I was recently in a panel discussion on India’s commitment credibility crisis for cross-border flows. And while that is definitely present, I made a case that a State’s commitment problem cannot be isolated into capital account and labour and retail. All of these are shades of the same underlying problem. The most expensive thing about investing in India is not any particular tax, tariff, or rule. It is the knowledge that whatever the rule is today, it can change tomorrow. The Indian state has rarely committed to treating a market outcome as final. Prices, contracts or even profits that are gained by the market are revisable the moment it becomes politically or fiscally inconvenient. Investors know this and it is priced into the investment decisions. One should not see the retrospective tax as a tax story, the torn-up power contract as an energy story, the cab-fare cap as a gig-economy story, but all shades of the same policy credibility issue.
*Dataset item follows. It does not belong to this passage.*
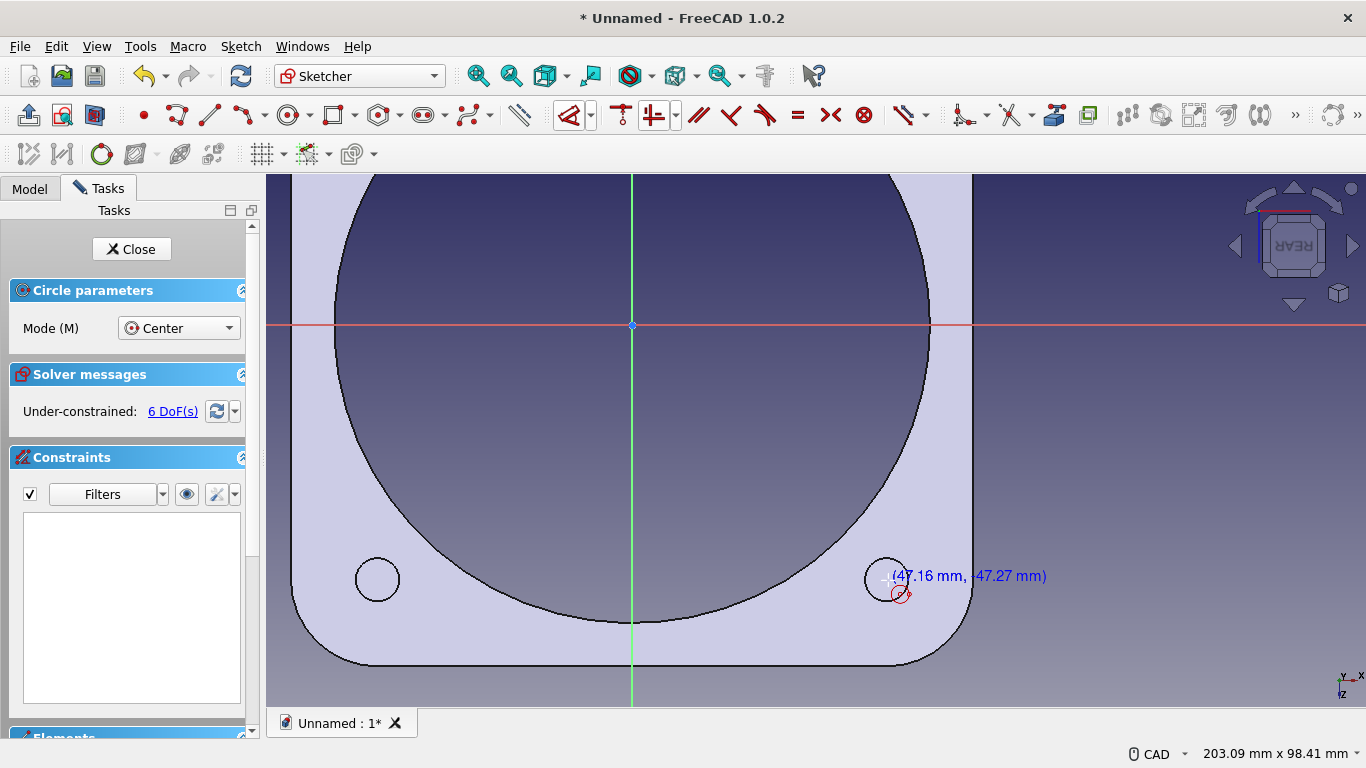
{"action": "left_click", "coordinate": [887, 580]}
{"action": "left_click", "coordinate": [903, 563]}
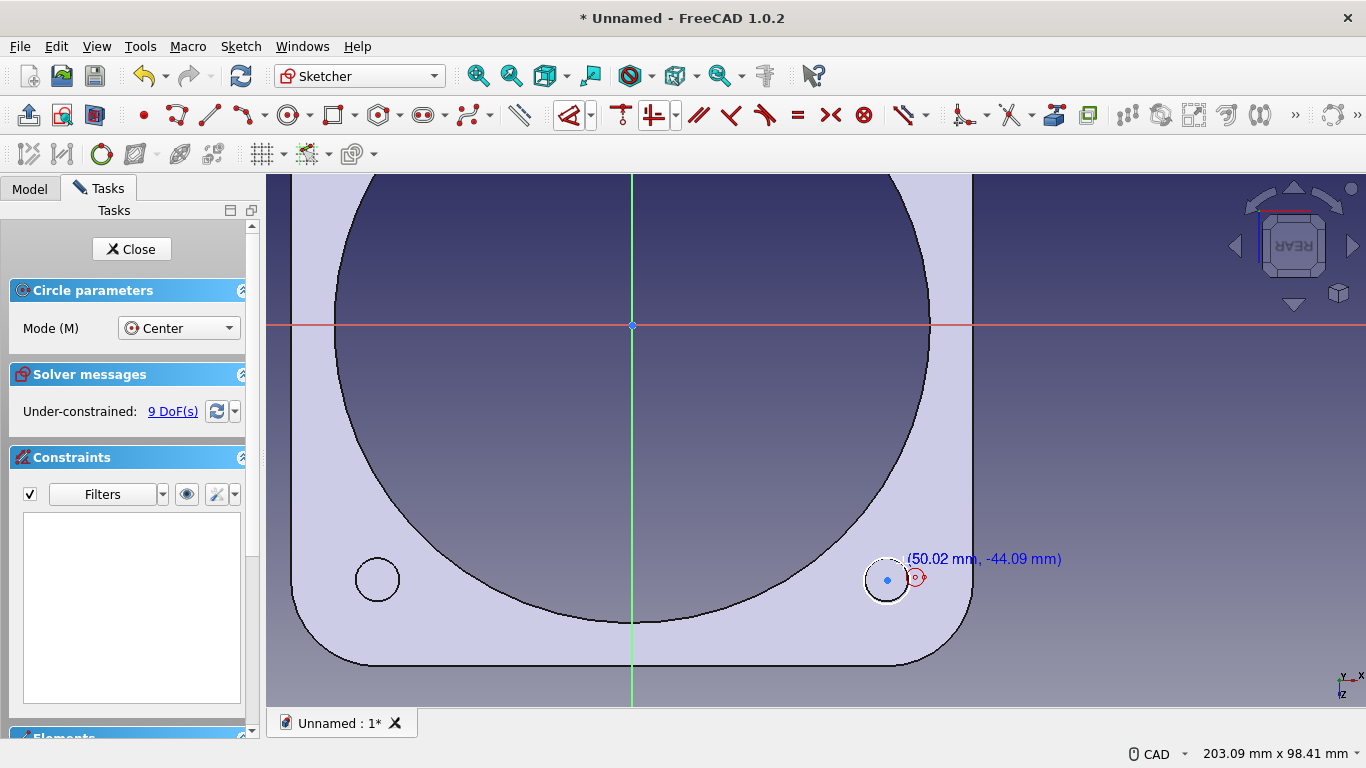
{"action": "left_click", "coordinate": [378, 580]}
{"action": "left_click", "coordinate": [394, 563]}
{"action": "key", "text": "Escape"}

When an investor is thinking about entering India (either FDI or FII), they would make a comprehensive judgement of the nature of the state - whether it allows the market to function or whether it intervenes; whether the state follows rules-based policy making or is it given to whims and discretion. An investor pricing India does not run separate discount rates for tax risk, expropriation risk, and price-control risk. This is why credibility cannot be compartmentalised. The state cannot build a reputation for respecting outcomes in capital markets while overturning them in labour or retail, because it is one sovereign holding every instrument. When a commitment becomes inconvenient, it reaches for whichever tool is nearest, whether it is a legislative amendment, an executive order, a tax notice, a convenient judicial finding.

Some Examples

The evidence is aplenty and I am tempted to write another blog posts with just examples of such behaviour by Indian governments (both at the union and state level). A state government (Tamil Nadu) permits longer factory shifts to attract manufacturing, then reverses under pressure. Foreign retailers commit billions under one set of investment rules, and the rules tighten around their model after the capital is sunk (Amazon’s inventory model). Cab aggregators face bans and fare caps that shift from state to state. Stents and medicines are brought under sudden price control. Foreign investors are handed minimum alternate tax demands for years already past. Start-ups face an “angel tax” applied at an assessing officer’s discretion. Add online gaming, the farm-law reversal, abrupt agricultural export bans, an overnight laptop-import licensing regime, and a crypto policy that has lurched from prohibition to punitive taxation. The list spans ministries, governments, and decades.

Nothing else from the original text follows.